Reproduce the entries from their first line up to and including the line with "Your response must be concise. 248.". Leave out everything after it.

====== SOURCE MATERIAL ======

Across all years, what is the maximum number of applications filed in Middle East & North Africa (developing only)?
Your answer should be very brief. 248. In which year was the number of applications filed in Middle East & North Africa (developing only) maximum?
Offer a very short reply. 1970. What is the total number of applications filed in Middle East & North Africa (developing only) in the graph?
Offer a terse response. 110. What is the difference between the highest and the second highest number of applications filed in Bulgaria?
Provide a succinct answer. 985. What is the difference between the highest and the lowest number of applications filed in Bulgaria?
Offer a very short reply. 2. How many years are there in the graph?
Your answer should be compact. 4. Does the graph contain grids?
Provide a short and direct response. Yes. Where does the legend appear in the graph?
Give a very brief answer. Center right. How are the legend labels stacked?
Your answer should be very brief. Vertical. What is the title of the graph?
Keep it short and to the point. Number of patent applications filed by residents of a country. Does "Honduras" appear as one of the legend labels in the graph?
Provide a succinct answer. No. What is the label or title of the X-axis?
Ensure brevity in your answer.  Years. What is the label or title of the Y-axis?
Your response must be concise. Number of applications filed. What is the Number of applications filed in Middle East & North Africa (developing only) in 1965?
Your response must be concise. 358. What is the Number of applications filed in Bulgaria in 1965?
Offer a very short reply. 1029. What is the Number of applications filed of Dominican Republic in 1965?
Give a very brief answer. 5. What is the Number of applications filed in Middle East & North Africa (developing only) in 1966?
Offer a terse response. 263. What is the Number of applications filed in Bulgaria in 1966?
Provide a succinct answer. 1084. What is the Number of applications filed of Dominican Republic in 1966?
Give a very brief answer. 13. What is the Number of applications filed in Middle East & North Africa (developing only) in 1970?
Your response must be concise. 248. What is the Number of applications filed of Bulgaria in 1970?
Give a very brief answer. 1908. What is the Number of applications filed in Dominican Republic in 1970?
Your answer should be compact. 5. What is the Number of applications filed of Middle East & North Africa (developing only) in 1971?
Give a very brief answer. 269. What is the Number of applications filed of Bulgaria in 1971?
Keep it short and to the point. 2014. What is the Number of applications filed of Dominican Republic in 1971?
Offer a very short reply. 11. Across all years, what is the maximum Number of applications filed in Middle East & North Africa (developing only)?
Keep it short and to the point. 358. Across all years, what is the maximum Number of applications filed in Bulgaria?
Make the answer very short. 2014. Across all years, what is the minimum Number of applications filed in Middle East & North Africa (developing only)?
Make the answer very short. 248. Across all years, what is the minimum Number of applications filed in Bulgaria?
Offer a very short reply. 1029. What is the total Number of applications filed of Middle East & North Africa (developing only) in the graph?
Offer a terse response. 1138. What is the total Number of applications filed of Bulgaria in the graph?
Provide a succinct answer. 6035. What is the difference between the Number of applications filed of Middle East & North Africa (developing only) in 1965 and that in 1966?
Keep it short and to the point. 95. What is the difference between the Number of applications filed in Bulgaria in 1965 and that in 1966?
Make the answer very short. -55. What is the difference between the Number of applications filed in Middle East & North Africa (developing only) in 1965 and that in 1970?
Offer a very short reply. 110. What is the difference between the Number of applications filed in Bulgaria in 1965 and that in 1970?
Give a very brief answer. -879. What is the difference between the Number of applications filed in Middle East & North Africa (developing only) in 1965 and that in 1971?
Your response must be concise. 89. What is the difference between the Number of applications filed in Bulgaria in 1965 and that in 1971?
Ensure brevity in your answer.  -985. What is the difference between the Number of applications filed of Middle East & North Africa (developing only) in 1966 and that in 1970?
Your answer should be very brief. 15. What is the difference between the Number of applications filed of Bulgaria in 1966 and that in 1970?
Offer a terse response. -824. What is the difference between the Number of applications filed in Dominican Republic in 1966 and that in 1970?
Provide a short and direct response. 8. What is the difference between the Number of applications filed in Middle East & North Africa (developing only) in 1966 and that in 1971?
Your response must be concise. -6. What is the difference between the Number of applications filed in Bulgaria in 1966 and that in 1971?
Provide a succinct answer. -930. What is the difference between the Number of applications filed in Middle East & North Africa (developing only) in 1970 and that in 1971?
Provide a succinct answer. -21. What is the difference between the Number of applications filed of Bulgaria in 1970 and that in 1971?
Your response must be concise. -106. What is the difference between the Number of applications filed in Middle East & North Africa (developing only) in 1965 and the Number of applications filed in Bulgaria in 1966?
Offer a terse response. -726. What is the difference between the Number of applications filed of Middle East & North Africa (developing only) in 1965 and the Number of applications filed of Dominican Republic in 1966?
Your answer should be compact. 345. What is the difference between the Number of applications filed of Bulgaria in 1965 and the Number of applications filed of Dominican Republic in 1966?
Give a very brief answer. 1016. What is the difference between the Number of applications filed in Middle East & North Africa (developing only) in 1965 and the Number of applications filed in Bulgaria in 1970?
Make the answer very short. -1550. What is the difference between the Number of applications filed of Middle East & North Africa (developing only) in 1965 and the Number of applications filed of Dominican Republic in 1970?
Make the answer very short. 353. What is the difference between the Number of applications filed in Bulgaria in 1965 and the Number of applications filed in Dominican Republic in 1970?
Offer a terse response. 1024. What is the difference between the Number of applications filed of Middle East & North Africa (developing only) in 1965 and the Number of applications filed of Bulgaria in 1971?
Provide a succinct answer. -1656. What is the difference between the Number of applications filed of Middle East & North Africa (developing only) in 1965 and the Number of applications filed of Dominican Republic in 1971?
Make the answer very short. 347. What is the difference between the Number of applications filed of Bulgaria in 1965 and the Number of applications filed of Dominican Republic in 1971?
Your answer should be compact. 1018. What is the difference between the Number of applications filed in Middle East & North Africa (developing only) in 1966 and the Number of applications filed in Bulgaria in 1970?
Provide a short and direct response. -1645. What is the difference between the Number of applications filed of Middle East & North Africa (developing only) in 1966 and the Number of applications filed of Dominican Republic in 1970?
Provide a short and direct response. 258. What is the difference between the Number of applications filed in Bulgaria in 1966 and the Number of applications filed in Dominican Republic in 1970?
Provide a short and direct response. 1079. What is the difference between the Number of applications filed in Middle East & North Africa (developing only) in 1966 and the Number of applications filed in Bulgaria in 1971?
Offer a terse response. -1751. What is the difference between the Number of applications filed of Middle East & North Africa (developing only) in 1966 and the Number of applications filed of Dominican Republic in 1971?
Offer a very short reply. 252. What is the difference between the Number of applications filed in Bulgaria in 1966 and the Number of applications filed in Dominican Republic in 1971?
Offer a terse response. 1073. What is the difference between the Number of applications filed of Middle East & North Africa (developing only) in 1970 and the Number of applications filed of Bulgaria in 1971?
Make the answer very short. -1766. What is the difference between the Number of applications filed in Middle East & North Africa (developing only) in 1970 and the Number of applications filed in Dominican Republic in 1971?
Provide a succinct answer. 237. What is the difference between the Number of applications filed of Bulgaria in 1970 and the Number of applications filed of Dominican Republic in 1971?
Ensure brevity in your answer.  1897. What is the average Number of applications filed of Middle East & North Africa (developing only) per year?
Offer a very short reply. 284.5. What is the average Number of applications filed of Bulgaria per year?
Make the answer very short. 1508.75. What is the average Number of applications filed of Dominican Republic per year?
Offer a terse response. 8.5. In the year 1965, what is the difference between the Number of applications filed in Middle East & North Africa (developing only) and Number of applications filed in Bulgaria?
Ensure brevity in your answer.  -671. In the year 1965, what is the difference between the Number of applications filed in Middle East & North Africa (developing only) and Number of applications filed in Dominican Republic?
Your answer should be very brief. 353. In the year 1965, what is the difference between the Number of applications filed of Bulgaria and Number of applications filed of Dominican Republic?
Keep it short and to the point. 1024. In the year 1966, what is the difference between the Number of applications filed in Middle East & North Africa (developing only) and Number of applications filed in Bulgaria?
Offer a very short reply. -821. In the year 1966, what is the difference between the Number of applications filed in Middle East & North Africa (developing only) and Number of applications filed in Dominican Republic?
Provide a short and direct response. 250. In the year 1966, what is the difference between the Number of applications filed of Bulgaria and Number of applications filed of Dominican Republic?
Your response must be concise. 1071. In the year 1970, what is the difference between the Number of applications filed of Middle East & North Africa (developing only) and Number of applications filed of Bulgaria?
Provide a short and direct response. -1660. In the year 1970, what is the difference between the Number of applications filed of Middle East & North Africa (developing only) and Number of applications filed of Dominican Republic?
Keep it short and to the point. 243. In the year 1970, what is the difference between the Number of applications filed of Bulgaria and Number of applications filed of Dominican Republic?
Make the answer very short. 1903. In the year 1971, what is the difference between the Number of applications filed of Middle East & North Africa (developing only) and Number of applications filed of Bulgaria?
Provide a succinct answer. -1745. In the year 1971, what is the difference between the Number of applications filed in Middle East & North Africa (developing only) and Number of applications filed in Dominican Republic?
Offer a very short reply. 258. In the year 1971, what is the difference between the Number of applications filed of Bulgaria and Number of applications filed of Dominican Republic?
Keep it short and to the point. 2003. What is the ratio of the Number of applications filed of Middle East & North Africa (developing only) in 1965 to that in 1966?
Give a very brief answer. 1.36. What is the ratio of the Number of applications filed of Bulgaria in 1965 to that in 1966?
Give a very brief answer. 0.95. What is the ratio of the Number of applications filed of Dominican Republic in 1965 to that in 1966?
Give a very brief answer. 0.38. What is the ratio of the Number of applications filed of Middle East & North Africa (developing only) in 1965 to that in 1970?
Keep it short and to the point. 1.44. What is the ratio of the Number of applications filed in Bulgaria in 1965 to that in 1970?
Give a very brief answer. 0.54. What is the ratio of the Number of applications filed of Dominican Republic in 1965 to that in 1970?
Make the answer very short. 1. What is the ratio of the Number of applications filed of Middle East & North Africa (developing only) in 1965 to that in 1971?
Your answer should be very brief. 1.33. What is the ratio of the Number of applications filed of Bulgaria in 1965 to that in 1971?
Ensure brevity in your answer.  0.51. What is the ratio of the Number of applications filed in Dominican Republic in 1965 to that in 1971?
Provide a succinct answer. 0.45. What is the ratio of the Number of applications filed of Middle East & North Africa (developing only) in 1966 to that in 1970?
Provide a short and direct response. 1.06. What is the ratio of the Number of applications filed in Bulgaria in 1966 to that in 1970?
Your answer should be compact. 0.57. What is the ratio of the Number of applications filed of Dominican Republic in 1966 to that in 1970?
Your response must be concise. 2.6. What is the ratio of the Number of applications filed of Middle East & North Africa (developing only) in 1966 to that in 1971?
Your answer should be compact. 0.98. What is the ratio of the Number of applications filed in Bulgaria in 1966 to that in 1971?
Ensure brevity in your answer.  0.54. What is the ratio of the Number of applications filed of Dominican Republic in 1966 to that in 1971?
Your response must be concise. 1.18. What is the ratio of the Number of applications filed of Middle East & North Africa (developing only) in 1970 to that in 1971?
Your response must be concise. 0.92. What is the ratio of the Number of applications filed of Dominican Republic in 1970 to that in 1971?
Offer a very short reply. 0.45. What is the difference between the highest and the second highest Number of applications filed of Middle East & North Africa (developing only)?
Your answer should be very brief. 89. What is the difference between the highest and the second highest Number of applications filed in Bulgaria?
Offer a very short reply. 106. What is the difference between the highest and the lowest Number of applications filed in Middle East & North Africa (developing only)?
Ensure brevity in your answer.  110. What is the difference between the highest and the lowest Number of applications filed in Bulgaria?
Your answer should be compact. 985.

======

> **SOLUTION TO THIS PROBLEM**:
Across all years, what is the maximum number of applications filed in Middle East & North Africa (developing only)?
Your answer should be very brief. 248. In which year was the number of applications filed in Middle East & North Africa (developing only) maximum?
Offer a very short reply. 1970. What is the total number of applications filed in Middle East & North Africa (developing only) in the graph?
Offer a terse response. 110. What is the difference between the highest and the second highest number of applications filed in Bulgaria?
Provide a succinct answer. 985. What is the difference between the highest and the lowest number of applications filed in Bulgaria?
Offer a very short reply. 2. How many years are there in the graph?
Your answer should be compact. 4. Does the graph contain grids?
Provide a short and direct response. Yes. Where does the legend appear in the graph?
Give a very brief answer. Center right. How are the legend labels stacked?
Your answer should be very brief. Vertical. What is the title of the graph?
Keep it short and to the point. Number of patent applications filed by residents of a country. Does "Honduras" appear as one of the legend labels in the graph?
Provide a succinct answer. No. What is the label or title of the X-axis?
Ensure brevity in your answer.  Years. What is the label or title of the Y-axis?
Your response must be concise. Number of applications filed. What is the Number of applications filed in Middle East & North Africa (developing only) in 1965?
Your response must be concise. 358. What is the Number of applications filed in Bulgaria in 1965?
Offer a very short reply. 1029. What is the Number of applications filed of Dominican Republic in 1965?
Give a very brief answer. 5. What is the Number of applications filed in Middle East & North Africa (developing only) in 1966?
Offer a terse response. 263. What is the Number of applications filed in Bulgaria in 1966?
Provide a succinct answer. 1084. What is the Number of applications filed of Dominican Republic in 1966?
Give a very brief answer. 13. What is the Number of applications filed in Middle East & North Africa (developing only) in 1970?
Your response must be concise. 248. What is the Number of applications filed of Bulgaria in 1970?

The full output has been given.